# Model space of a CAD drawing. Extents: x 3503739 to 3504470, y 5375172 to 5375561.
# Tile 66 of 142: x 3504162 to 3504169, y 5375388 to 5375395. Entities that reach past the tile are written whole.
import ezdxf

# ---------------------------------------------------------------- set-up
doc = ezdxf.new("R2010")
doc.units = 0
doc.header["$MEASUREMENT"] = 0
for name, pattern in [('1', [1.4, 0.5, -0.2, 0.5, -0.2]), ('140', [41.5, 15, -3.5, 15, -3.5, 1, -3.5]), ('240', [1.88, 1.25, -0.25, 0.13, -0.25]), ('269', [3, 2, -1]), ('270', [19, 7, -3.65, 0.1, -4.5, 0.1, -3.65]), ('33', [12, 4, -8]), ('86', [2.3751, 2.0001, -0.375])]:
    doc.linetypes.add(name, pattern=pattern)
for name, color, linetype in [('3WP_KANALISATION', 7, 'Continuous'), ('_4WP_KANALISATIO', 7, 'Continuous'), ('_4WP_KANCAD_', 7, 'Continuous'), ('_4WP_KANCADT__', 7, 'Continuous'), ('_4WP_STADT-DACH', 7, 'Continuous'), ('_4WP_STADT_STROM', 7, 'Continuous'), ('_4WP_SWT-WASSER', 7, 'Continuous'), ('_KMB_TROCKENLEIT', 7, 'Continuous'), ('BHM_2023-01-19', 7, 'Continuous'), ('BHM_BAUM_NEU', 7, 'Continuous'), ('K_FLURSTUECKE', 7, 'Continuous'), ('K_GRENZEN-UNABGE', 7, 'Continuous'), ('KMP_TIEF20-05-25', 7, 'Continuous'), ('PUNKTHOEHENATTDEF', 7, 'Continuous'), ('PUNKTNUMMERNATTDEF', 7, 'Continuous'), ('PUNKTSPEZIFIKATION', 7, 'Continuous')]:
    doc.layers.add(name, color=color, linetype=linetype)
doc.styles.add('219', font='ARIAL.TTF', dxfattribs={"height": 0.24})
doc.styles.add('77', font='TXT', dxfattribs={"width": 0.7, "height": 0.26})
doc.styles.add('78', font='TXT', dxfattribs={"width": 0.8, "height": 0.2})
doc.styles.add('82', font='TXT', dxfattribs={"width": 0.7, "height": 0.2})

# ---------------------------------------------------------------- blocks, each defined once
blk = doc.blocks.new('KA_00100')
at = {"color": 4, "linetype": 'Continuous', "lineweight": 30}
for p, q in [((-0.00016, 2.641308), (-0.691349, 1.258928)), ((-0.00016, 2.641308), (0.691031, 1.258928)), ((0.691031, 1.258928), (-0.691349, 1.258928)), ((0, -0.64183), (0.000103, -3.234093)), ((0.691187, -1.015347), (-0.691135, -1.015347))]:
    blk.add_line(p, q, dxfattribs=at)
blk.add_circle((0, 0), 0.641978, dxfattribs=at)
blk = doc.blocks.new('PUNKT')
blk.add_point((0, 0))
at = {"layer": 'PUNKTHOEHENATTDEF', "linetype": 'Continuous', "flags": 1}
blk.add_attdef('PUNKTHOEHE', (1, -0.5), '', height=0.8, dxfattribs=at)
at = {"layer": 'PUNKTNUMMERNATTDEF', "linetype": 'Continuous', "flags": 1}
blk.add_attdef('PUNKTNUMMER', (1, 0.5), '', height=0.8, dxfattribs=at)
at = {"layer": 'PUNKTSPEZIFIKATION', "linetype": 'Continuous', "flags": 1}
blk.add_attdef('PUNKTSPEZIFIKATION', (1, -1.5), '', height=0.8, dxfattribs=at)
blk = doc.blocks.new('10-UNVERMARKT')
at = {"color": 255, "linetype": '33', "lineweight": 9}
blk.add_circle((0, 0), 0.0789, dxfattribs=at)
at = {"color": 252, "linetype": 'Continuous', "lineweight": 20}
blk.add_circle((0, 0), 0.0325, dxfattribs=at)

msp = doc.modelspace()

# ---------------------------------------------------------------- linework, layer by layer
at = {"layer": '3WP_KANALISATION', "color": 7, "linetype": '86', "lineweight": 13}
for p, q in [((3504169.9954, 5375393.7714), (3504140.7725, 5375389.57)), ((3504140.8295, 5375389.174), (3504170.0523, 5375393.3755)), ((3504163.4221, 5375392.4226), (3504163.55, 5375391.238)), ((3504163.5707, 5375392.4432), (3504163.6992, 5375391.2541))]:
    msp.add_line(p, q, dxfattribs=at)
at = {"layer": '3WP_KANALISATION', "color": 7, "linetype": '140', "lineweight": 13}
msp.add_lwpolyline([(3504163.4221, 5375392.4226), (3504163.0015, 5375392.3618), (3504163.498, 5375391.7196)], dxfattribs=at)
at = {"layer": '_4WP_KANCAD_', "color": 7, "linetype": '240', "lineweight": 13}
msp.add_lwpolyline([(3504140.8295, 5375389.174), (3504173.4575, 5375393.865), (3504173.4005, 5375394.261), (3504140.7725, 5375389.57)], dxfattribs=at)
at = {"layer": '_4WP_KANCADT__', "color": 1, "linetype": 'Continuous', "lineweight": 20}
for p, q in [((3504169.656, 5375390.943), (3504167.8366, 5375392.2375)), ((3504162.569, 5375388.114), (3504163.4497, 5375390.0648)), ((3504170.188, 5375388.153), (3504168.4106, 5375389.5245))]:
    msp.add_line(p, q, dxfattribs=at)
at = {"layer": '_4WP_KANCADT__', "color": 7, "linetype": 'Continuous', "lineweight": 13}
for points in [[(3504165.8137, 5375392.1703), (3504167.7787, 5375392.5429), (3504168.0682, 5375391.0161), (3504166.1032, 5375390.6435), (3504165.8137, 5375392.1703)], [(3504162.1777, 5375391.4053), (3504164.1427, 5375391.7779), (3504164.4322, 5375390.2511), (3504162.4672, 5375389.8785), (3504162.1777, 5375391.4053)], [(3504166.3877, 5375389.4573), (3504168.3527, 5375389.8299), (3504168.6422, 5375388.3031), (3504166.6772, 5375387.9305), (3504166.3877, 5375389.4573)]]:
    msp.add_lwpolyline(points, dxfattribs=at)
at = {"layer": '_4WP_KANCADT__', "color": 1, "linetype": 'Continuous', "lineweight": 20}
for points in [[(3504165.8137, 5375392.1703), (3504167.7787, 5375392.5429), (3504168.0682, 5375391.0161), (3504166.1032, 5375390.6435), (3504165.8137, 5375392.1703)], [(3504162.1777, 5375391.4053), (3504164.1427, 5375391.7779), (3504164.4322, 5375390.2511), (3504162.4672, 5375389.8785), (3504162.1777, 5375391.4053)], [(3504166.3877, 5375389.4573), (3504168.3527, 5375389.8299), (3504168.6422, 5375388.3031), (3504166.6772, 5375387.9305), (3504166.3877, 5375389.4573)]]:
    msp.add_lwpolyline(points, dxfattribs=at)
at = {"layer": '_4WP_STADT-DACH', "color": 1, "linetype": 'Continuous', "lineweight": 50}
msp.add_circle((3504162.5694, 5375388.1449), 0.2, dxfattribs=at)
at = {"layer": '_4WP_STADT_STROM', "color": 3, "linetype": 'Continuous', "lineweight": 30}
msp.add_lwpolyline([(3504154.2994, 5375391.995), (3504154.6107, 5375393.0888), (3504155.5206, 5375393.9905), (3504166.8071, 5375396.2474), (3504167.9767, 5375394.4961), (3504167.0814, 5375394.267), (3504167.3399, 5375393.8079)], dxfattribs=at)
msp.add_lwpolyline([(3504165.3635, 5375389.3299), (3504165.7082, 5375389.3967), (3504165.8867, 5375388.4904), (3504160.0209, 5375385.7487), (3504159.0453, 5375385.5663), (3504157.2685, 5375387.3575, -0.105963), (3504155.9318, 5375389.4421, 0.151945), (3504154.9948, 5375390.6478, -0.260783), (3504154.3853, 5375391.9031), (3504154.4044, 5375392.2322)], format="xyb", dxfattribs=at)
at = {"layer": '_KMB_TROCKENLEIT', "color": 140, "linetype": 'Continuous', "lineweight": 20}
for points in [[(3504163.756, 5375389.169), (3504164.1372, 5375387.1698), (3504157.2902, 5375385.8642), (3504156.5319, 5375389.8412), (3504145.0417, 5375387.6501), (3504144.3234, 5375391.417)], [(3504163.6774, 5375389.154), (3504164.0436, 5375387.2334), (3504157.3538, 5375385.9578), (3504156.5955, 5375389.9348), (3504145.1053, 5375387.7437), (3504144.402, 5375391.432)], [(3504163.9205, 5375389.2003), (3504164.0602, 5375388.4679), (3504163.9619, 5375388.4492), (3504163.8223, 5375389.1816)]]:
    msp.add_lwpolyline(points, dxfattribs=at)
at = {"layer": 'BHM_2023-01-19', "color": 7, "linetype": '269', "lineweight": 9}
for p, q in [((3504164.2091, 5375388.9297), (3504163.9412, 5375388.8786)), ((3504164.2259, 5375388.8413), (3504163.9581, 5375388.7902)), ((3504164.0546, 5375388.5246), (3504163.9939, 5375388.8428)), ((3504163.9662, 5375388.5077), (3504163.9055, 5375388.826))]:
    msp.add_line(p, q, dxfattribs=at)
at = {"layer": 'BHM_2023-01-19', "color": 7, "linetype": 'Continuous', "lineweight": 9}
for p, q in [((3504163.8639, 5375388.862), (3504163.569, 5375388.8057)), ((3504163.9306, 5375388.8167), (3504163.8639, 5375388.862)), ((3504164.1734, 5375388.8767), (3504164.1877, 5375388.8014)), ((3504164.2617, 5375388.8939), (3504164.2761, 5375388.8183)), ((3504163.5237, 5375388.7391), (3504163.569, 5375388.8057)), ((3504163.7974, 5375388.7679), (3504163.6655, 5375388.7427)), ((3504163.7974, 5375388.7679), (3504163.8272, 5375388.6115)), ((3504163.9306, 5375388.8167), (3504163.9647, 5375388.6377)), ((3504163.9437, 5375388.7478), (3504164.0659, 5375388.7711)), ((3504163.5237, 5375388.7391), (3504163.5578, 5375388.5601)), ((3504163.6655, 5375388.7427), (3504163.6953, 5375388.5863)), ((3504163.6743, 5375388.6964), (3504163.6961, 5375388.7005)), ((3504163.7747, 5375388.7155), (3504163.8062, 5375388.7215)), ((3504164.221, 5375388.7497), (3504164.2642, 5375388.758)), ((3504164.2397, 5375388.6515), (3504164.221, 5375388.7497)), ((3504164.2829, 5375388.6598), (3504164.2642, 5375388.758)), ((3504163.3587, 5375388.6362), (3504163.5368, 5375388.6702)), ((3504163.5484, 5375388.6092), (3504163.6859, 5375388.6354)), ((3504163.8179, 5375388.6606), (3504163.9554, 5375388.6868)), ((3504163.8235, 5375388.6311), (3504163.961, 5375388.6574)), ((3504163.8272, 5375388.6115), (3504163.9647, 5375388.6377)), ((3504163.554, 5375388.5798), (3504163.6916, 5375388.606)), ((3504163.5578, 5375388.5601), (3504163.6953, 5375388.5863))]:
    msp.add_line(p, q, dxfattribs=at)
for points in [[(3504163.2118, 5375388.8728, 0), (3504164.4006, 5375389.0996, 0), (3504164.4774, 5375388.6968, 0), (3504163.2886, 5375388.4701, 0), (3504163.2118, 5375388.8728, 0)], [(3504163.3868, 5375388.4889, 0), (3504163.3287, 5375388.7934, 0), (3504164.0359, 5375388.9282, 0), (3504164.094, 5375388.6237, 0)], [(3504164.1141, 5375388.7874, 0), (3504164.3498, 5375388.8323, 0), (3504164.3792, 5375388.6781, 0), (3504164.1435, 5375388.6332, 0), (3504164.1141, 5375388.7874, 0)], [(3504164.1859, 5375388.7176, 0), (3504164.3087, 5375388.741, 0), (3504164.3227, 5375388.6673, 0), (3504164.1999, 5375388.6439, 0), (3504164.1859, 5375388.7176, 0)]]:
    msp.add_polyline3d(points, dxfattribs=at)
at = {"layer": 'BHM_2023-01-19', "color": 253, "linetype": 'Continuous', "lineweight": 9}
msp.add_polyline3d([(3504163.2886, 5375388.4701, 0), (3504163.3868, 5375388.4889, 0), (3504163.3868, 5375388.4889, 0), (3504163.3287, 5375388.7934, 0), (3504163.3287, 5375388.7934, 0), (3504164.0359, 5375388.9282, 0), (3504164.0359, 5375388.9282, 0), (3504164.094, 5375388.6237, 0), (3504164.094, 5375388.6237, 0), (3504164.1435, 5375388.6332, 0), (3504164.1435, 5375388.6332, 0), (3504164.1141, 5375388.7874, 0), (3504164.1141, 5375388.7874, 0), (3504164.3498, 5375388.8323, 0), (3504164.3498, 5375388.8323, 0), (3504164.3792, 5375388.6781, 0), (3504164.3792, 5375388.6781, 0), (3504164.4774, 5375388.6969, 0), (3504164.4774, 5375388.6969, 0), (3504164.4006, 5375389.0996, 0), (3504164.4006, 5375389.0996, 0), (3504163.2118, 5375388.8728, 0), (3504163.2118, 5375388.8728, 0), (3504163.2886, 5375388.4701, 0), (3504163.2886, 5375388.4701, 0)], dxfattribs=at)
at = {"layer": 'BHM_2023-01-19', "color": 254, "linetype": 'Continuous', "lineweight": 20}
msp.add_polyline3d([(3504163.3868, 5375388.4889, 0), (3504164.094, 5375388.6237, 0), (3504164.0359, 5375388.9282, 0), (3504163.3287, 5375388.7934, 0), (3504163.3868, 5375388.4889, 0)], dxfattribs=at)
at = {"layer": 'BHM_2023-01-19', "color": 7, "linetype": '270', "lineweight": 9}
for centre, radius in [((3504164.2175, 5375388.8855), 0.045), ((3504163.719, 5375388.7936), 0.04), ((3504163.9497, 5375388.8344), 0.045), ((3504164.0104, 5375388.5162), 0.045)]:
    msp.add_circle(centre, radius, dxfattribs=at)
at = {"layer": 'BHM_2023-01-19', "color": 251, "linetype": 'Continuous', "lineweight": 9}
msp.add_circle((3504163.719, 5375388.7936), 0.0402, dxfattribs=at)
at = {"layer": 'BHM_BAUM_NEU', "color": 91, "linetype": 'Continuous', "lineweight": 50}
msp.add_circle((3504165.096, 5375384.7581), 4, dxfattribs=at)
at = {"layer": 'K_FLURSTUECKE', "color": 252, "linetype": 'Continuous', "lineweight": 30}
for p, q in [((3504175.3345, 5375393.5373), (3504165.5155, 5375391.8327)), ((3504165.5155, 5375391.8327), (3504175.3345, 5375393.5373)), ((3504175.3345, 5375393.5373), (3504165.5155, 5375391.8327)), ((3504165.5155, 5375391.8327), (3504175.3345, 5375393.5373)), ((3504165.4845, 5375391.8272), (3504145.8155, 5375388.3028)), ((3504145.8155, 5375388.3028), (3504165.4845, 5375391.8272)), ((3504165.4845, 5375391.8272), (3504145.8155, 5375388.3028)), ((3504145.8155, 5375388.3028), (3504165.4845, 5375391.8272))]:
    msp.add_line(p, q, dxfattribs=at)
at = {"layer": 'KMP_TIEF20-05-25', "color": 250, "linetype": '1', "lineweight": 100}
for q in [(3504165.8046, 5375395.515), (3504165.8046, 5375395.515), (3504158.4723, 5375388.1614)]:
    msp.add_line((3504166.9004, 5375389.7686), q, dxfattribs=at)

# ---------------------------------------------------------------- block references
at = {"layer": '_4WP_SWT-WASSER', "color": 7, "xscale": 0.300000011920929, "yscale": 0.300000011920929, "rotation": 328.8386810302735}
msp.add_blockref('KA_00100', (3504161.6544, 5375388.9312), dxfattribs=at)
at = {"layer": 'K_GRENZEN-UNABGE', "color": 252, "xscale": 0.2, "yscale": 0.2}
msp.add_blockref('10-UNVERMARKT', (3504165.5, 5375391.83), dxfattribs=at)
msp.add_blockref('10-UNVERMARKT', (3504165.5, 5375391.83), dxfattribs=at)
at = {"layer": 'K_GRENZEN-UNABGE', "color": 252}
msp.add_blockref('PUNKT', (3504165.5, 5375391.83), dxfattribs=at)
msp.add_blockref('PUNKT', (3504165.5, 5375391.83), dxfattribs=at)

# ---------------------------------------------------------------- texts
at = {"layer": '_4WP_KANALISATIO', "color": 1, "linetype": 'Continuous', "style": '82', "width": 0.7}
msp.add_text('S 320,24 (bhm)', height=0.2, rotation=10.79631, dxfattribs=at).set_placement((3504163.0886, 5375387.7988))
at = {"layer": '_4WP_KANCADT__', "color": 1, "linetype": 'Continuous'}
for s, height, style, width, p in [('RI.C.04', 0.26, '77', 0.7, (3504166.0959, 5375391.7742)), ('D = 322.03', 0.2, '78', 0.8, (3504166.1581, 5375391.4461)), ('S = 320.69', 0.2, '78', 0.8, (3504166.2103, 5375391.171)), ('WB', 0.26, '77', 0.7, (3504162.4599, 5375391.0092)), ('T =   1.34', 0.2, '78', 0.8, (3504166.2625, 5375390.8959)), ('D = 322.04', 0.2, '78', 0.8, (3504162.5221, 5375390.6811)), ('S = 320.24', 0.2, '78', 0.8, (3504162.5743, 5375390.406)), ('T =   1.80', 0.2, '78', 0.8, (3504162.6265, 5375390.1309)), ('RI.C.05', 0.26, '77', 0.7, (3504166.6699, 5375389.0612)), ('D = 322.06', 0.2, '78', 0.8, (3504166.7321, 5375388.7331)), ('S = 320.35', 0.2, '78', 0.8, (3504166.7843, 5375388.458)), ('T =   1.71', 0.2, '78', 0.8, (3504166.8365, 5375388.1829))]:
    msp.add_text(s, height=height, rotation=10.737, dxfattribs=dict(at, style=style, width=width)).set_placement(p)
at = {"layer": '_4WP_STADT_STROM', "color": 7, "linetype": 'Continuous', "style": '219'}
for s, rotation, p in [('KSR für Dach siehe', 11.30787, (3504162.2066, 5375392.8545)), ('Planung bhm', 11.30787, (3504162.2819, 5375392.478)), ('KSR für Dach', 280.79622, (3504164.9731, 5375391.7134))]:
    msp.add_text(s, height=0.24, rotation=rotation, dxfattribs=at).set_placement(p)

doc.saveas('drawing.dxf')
....................
WHAT YOU SHOULD DO.
What belongs in the answer is each line from the listing above that contains "styles".

ANSWER SPACE.
doc.styles.add('219', font='ARIAL.TTF', dxfattribs={"height": 0.24})
doc.styles.add('77', font='TXT', dxfattribs={"width": 0.7, "height": 0.26})
doc.styles.add('78', font='TXT', dxfattribs={"width": 0.8, "height": 0.2})
doc.styles.add('82', font='TXT', dxfattribs={"width": 0.7, "height": 0.2})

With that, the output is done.